The series is a continuation of the network’s “The White Queen,” and stars Jodie Foster as Elizabeth of York, Jacobs Collins-Levy as King Henry VII, along with Suki Waterhouse as Cecily of York. “Jacob, when he first came, I don’t think he’d worn costumes of this kind before, and he was very excited to put on the armor and whatnot,” de Gaye adds.

“The idea was to approach this in a slightly different way,” she explains of how this season differs; she hadn’t been involved with the previous series. “I was trying to make an authentic feel. The feel of authenticity, really, even though it’s a world that we’re inventing and learning from paintings and things. The idea was to make it a visceral, approachable world that drew the audience in.”

She describes the costumes in the show as “fairytale” and “theatrical.” The women’s dresses are made of rich colored brocades with fur and velvet trimming. They also have a presence — you can hear the ladies’ ground-grazing skirts rustle as they move.

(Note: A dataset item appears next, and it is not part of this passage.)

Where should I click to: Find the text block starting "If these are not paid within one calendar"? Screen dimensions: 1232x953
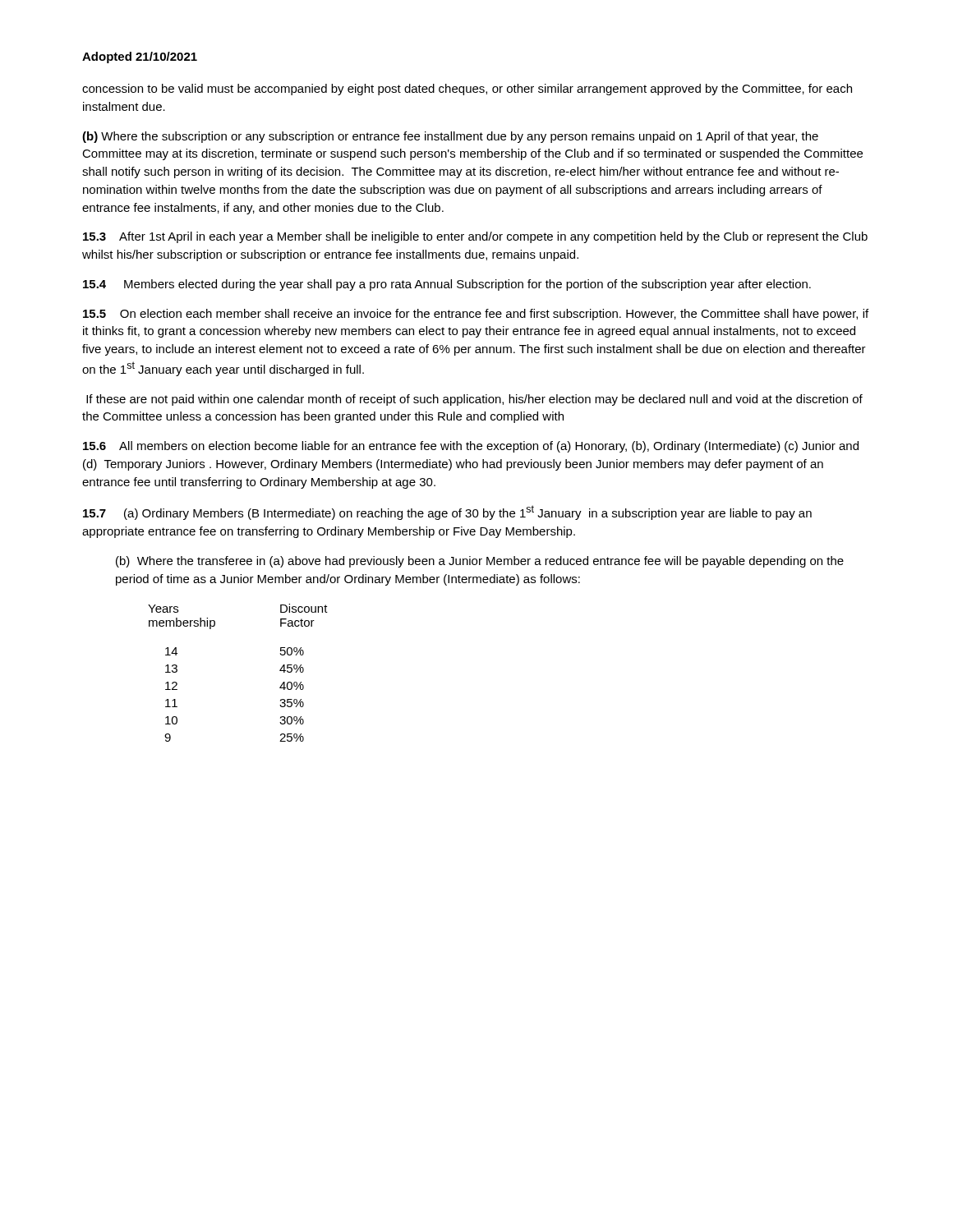[476, 408]

While some items were sourced and rented, including jewelry, many of the costumes were created specifically for the show. “For our three queens as it were, we made all their costumes,” she says, adding that this allowed her team the ability to convey character development through dress. “The young queen, for example, sort of becomes more iron plated as her powers grow in the court. So she’s not actually wearing armor, but there’s the impression of protection against all of the pitfalls,” she says. “We used a lot of metallic, lacy textures that come in gradually. So she comes in as a young girl in these soft linen fabrics that are tightly laced but quite flowy, and they become stiffer with age.”

Of course, not all of the costumes mirror the functionality of the period.

“We had armors that were made from aluminum, but [the men of the time period] had armor that was made from steel, and the chain mail that they wore was unbelievably heavy,” de Gaye says. “You could just take a little bit and put it on the neck, and it weighs a ton. That they’re actually fighting in this stuff, it was absolutely incredible.”